Getting Started with R - Part 5: Matrices - Creating, Filling and Subsetting
Often we have the need to arrange data in a structure with rows and columns, or we need to represent a collection of vectors. R has a built-in matrix type that allows us to create a basic structure of rows and columns
I am posting this tutorial as I learn R. I will respond to feedback for errata in the comments.
Constructing a matrix with the matrix
function
Before we start, lets look at the basics in the online help by executing ?matrix
. Doing that reveals the signature of the function
matrix(data = NA, nrow = 1, ncol = 1, byrow = FALSE,
dimnames = NULL)
Reading further in the help you’ll see we can supply a vector for the data, or use a type that can be coerced to a vector. We can specify the number of rows and columns and how the vector should be used to fill the matrix, and we can supply dimension names (which I’ll cover a bit later). For now let us create a matrix
If we simply call matrix()
we will get all the default parameters as specified with the =
operator in definition of the help file. The =
is very similar to the <-
operator in that it is an assignment operator, but it can only be used in specific scope. So our simple matrix()
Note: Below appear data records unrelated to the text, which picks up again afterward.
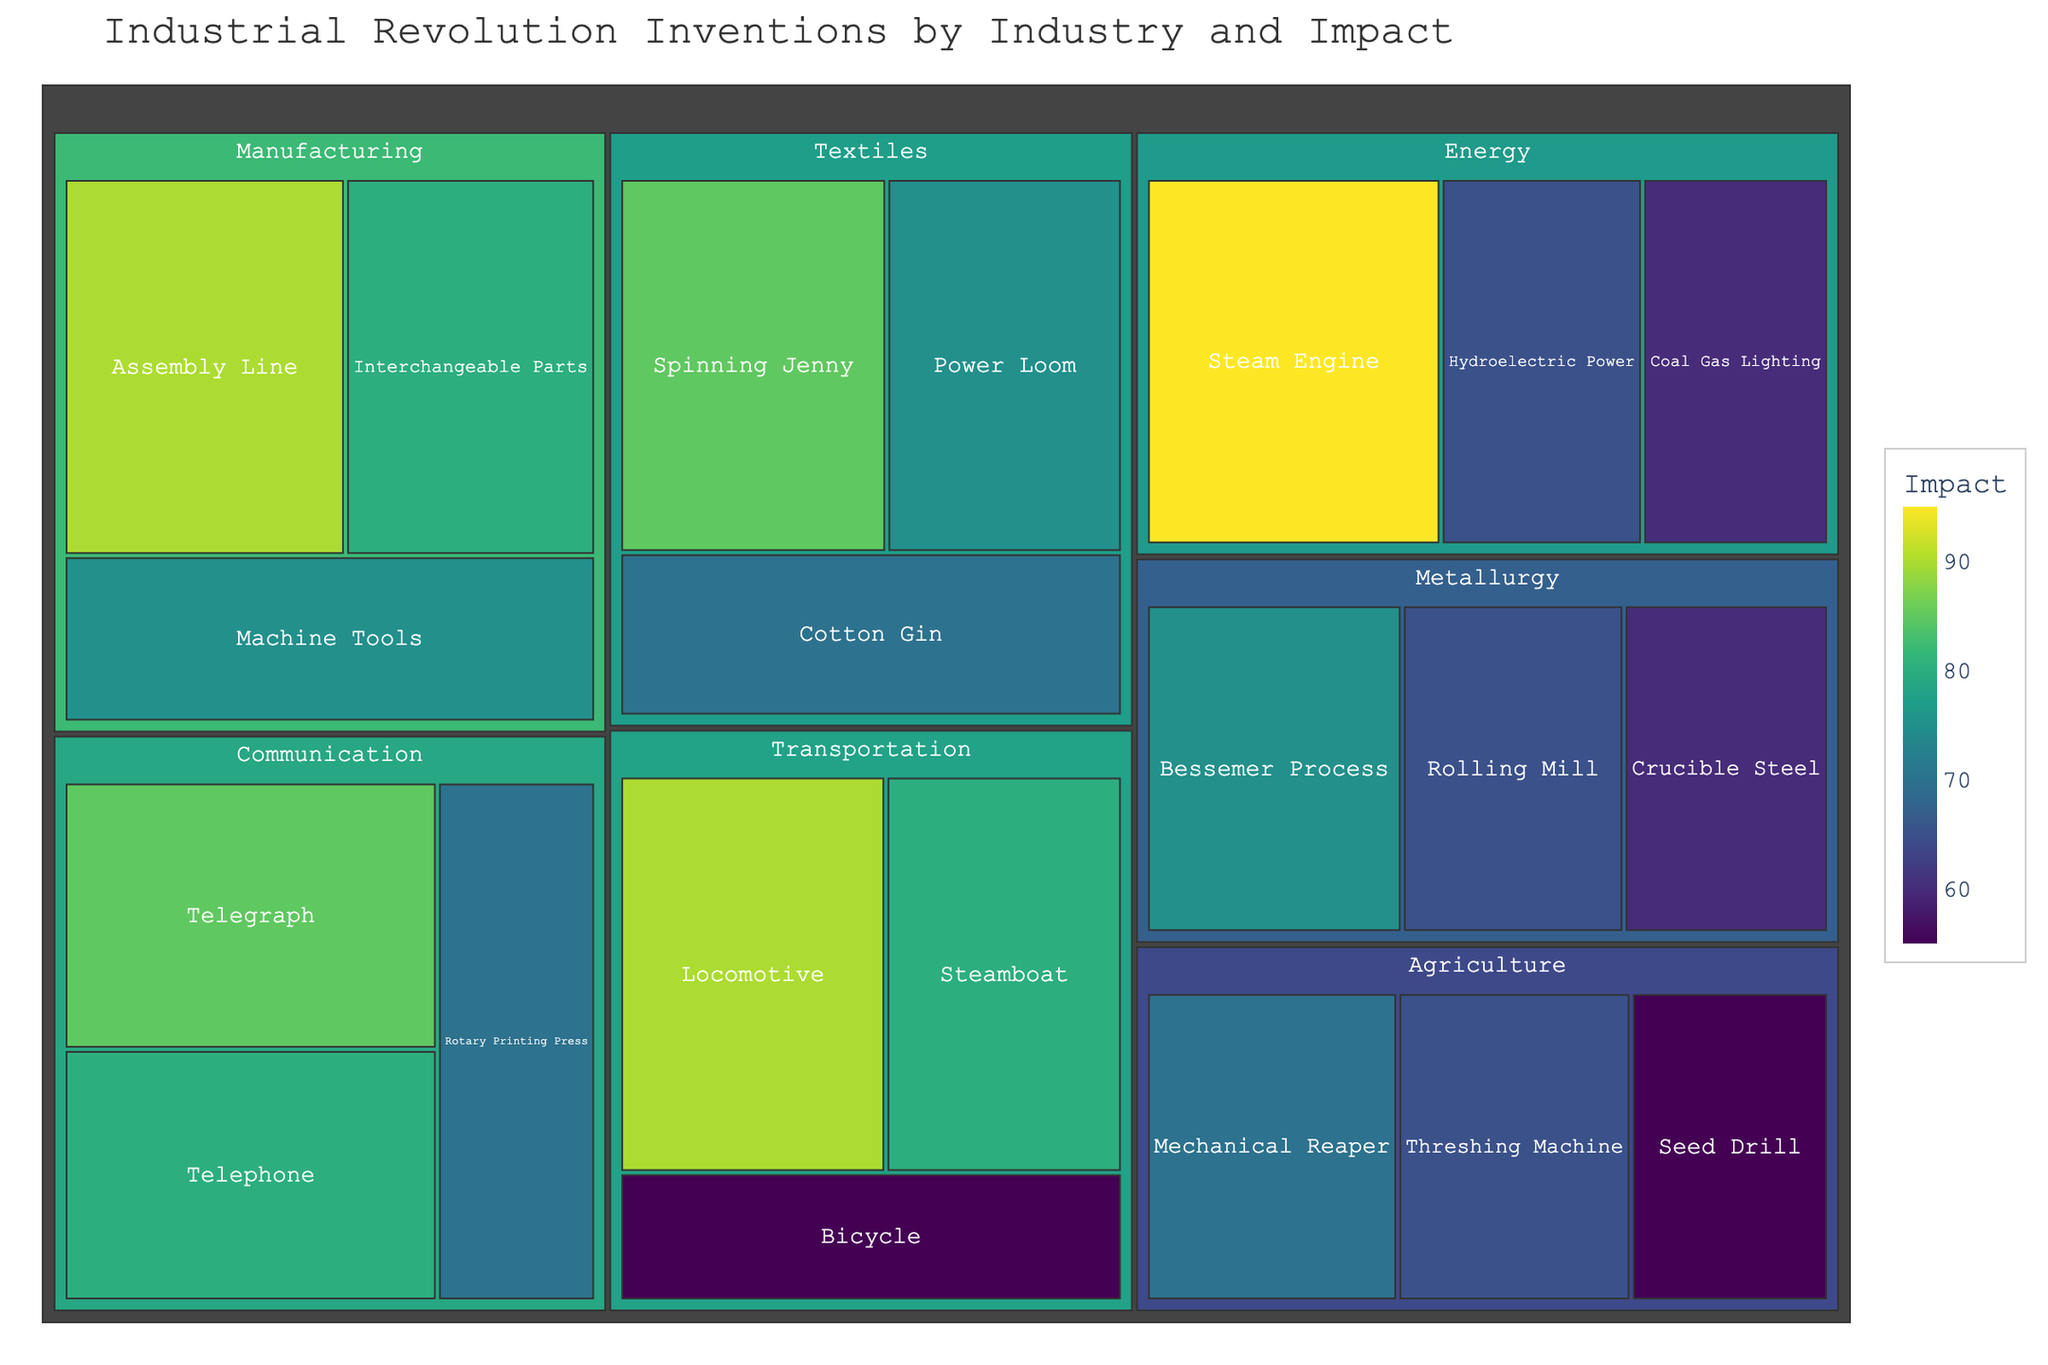what's the title of the treemap? The title of the treemap is displayed at the top of the figure, typically centered and larger in font size for better visibility.
Answer: Industrial Revolution Inventions by Industry and Impact Which invention in the 'Energy' industry has the highest impact? Look under the 'Energy' category and find the invention with the highest numerical value representing impact.
Answer: Steam Engine What’s the average impact of inventions in the 'Textiles' industry? Sum up the impact values for Spinning Jenny (85), Power Loom (75), and Cotton Gin (70), then divide by the number of inventions (3). Calculation: (85 + 75 + 70)/3 = 230/3 = 76.67
Answer: 76.67 Which industry contains the invention with the highest impact? Identify the highest numerical value representing impact across all industries, then locate which category it belongs to.
Answer: Energy How many inventions are there in total in the chart? Count the total number of inventions listed within the treemap across all categories.
Answer: 19 Among the 'Manufacturing' inventions, which has the lower impact: Assembly Line or Interchangeable Parts? Compare the impact values for Assembly Line (90) and Interchangeable Parts (80).
Answer: Interchangeable Parts What is the combined impact of the 'Communication' inventions? Add the impact values of Telegraph (85), Telephone (80), and Rotary Printing Press (70). Calculation: 85 + 80 + 70 = 235
Answer: 235 Which invention in 'Transportation' has a higher impact than the Bicycle? Compare the impact value of the Bicycle (55) with other inventions in the same category, Locomotive (90) and Steamboat (80), to find which is higher.
Answer: Locomotive, Steamboat Which industry has the lowest average impact among its inventions? Calculate the average impact for each industry and compare these averages to find the lowest one. Comparisons: Textiles (76.67), Energy (73.33), Transportation (75), Metallurgy (66.67), Agriculture (63.33), Communication (78.33), Manufacturing (81.67). Agriculture has the lowest.
Answer: Agriculture How does the color gradient represent the impact in the treemap? The color gradient in the treemap (ranging from the light end of the spectrum to the dark) varies based on the impact value, with higher impacts having a more intense or different color.
Answer: Higher impacts have darker colors

call will create a 1 by 1 matrix with an NA
value in it.
matrix()
yields
[,1]
[1,] NA
What on earth are those commas? Let us create a matrix with 1 row and 3 columns. You can see I can assign select variable like this variable_name=value
, without the need to list them all in order.
Note: Here we use the =
assignment operator to assign to a parameter, its scope in this case is limited to the call. We cannot get access to the value at the top level, by calling ncol
after the the matrix function.
vectorlike_matrix <- matrix(ncol=3)
vectorlike_matrix
yields
[,1] [,2] [,3]
[1,] NA NA NA
Now we have some more clarity. Matrix values are indexed by rows then columns in this fashion [row,column]
. To make this more clear let us add another row. To help us I need to introduce some new functions
rbind()
and cbind()
Simply put these add rows or columns to a matrix, or can combine matrices. lets add combine the vectorlike_matrix
above with itself to create a two by three matrix.
a_proper_matrix <- rbind(vectorlike_matrix, vectorlike_matrix)
a_proper_matrix
yields what we expect:
[,1] [,2] [,3]
[1,] NA NA NA
[2,] NA NA NA
rbind
and cbind
are so similar that the online help shares a single entry for them. I’ll let you explore cbind
by yourself.
Filling our matrix
When we created our matrix we didn’t specify data at create time. We could have done so using a vector that would be unpacked row-wise or column-wise depending on the byrow
parameter. The byrow
parameter is FALSE if not specified so let us see what that looks like. Also, if we provide data we only need to specify either the column or row count. No need to do extra work
two_by_three <- matrix(1:6, nrow=2)
two_by_three
We can see that the data was filled by column as expected
[,1] [,2] [,3]
[1,] 1 3 5
[2,] 2 4 6
Basic indexing
The []
operator on a matrix looks suspiciously like the one we had for vectors so lets try it out. Try indexing from 1 to 6 on our two_by_three
and you will see that we get our values by row, without specifying two coordinates. For instance two_by_three[4]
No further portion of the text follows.